Thu Jun 22 11:06:11 2017
±-----------------------------------------------------+
| NVIDIA-SMI 352.63 Driver Version: 352.63 |
|-------------------------------±---------------------±---------------------+
| GPU Name Persistence-M| Bus-Id Disp.A | Volatile Uncorr.

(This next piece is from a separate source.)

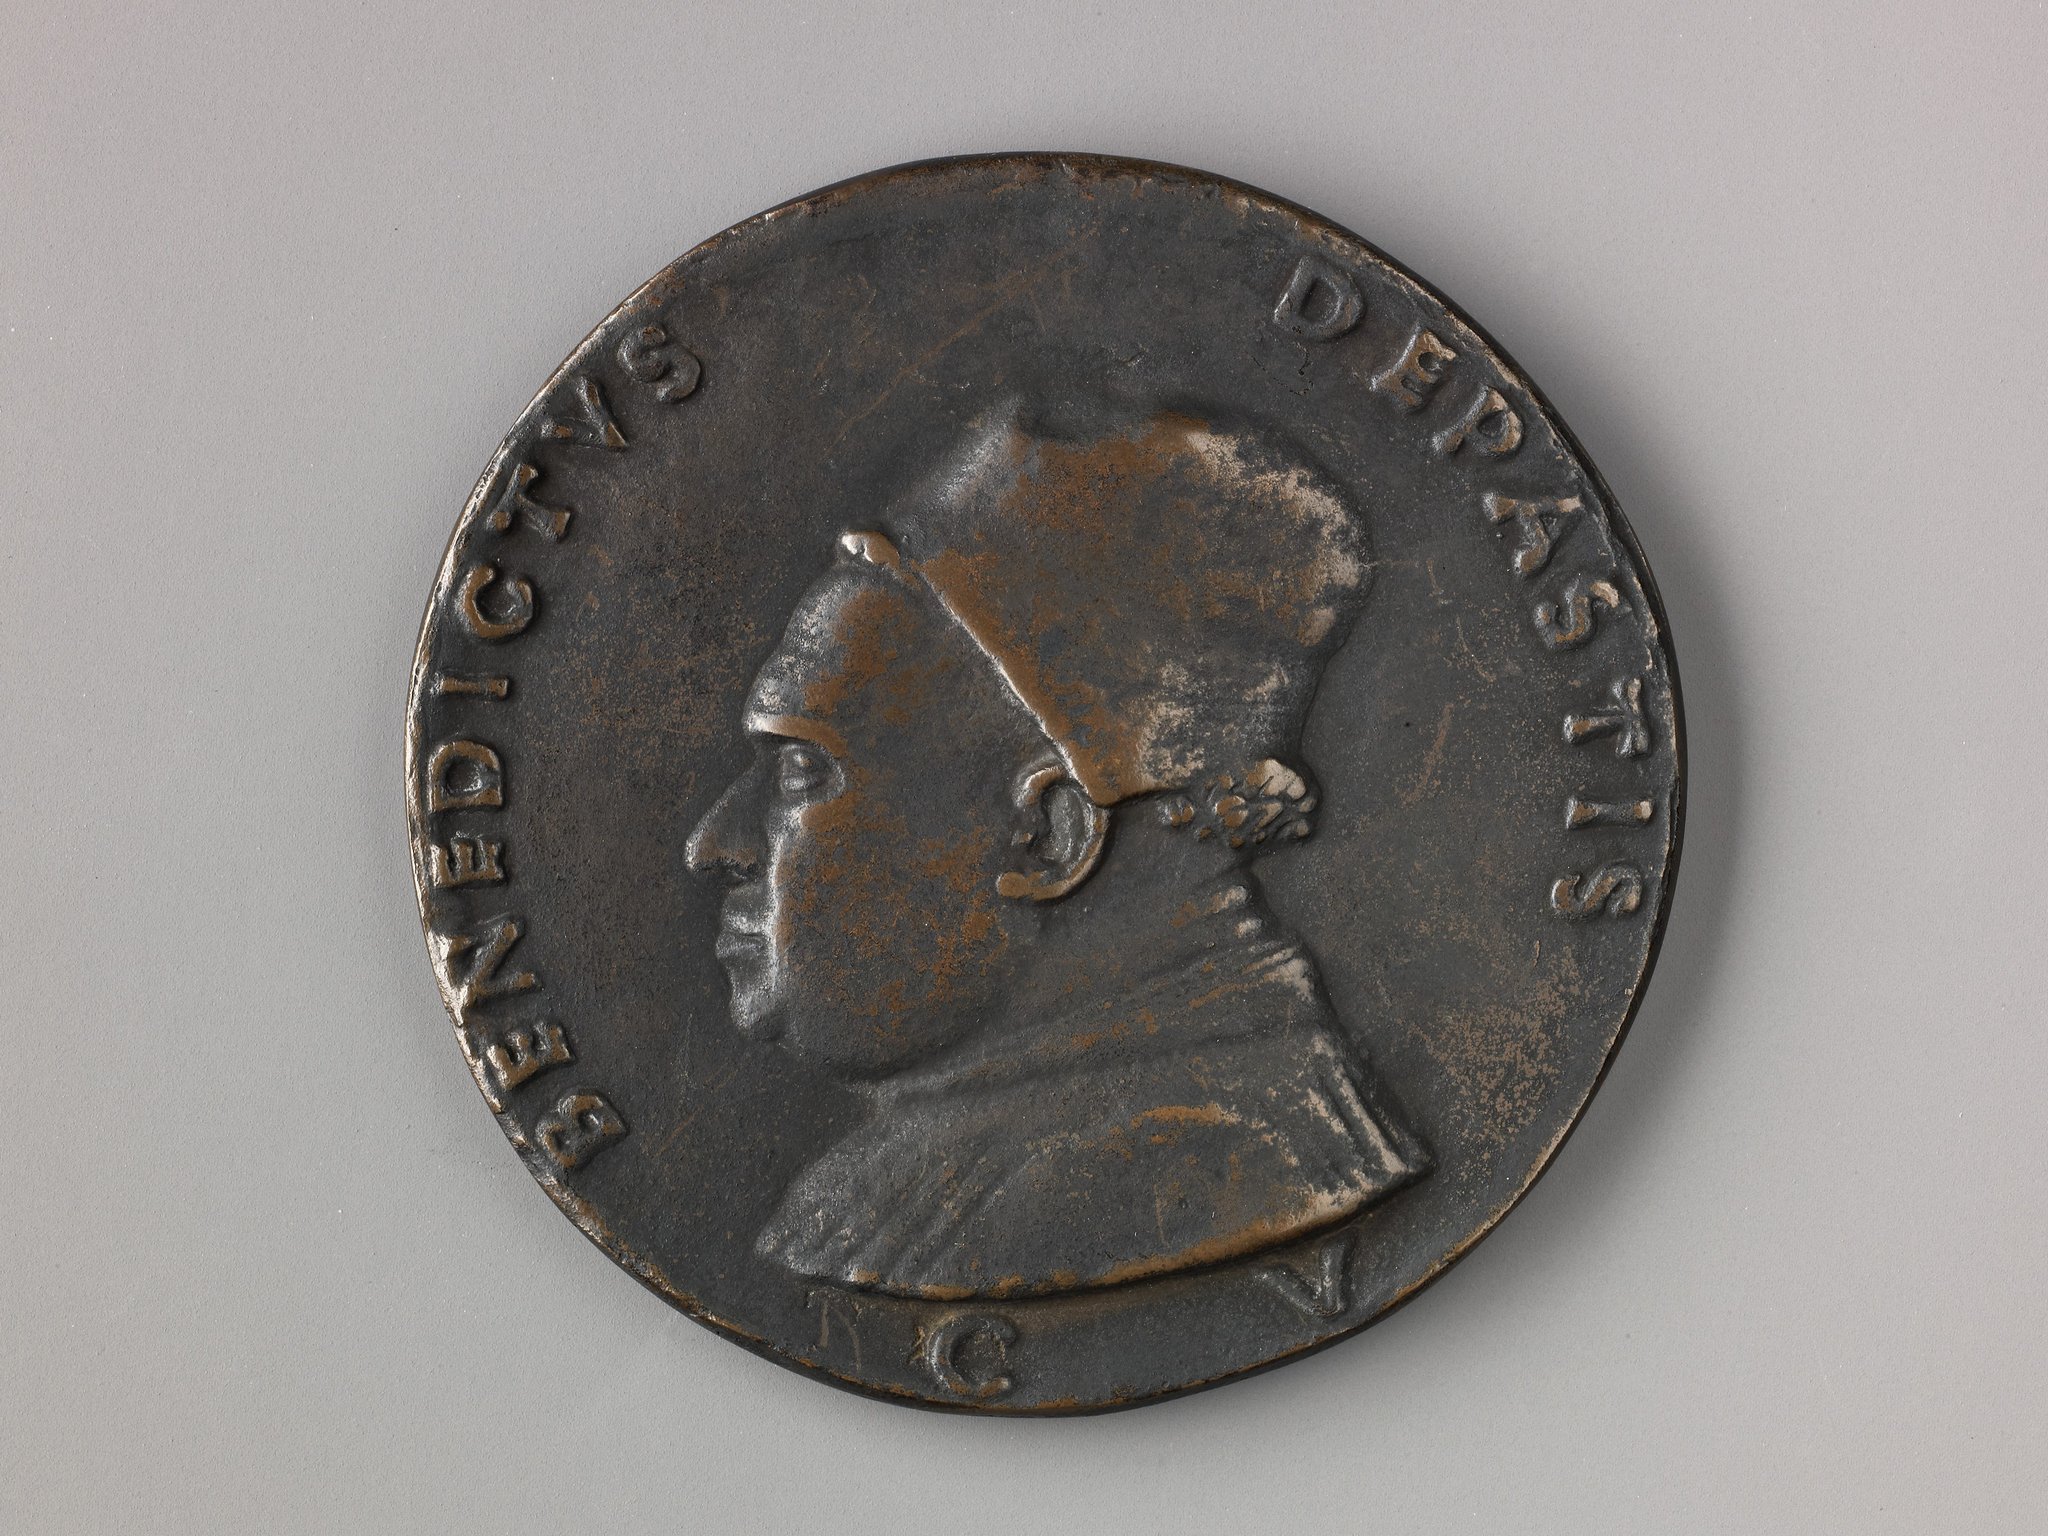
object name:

ECC |
| Fan Temp Perf Pwr:Usage/Cap| Memory-Usage | GPU-Util Compute M. |
|===============================+======================+======================|
| 0 GeForce GTX 460 ERR! | ERR! ERR! | ERR! |
|ERR! ERR! ERR! ERR! / ERR! | 124MiB / 1023MiB | ERR! ERR! |
±------------------------------±---------------------±---------------------+
| 1 GeForce GTX 460 Off | 0000:05:00.0 N/A | N/A |
| 25% 52C P12 N/A / N/A | 3MiB / 1023MiB | N/A Default |
±------------------------------±---------------------±---------------------+
| 2 GeForce GTX 460 Off | 0000:06:00.0 N/A | N/A |
| 20% 44C P12 N/A / N/A | 3MiB / 1023MiB | N/A Default |
±------------------------------±---------------------±---------------------+

±----------------------------------------------------------------------------+
| Processes: GPU Memory |
| GPU PID Type Process name Usage |
|=============================================================================|
| 0 ERROR: GPU is lost |
| 1 Not Supported |
| 2 Not Supported |
±----------------------------------------------------------------------------+

the other information:

mayang@gpu-cluster-5:~$ lspci | grep ‘NVIDIA’
04:00.0 VGA compatible controller: NVIDIA Corporation GF104 [GeForce GTX 460] (rev ff)
04:00.1 Audio device: NVIDIA Corporation GF104 High Definition Audio Controller (rev ff)
05:00.0 VGA compatible controller: NVIDIA Corporation GF104 [GeForce GTX 460] (rev a1)
05:00.1 Audio device: NVIDIA Corporation GF104 High Definition Audio Controller (rev a1)
06:00.0 VGA compatible controller: NVIDIA Corporation GF104 [GeForce GTX 460] (rev a1)
06:00.1 Audio device: NVIDIA Corporation GF104 High Definition Audio Controller (rev a1)
mayang@gpu-cluster-5:~$ dmesg | grep ‘NVRM’
[ 13.361468] NVRM: loading NVIDIA UNIX x86_64 Kernel Module 352.63 Sat Nov 7 21:25:42 PST 2015
[74341.542523] NVRM: GPU at 0000:04:00.0 has fallen off the bus.
[74341.542535] NVRM: A GPU crash dump has been created. If possible, please run
[74341.542535] NVRM: nvidia-bug-report.sh as root to collect this data before
[74341.542535] NVRM: the NVIDIA kernel module is unloaded.


If your GPU is reporting a certain temperature it’s not lying and that’s a reason to get worried. I’d even say that anything above 80C is a very bad temperature to sustain.

Being you I’d replace a thermal paste and made sure there’s a good ventilation in your case.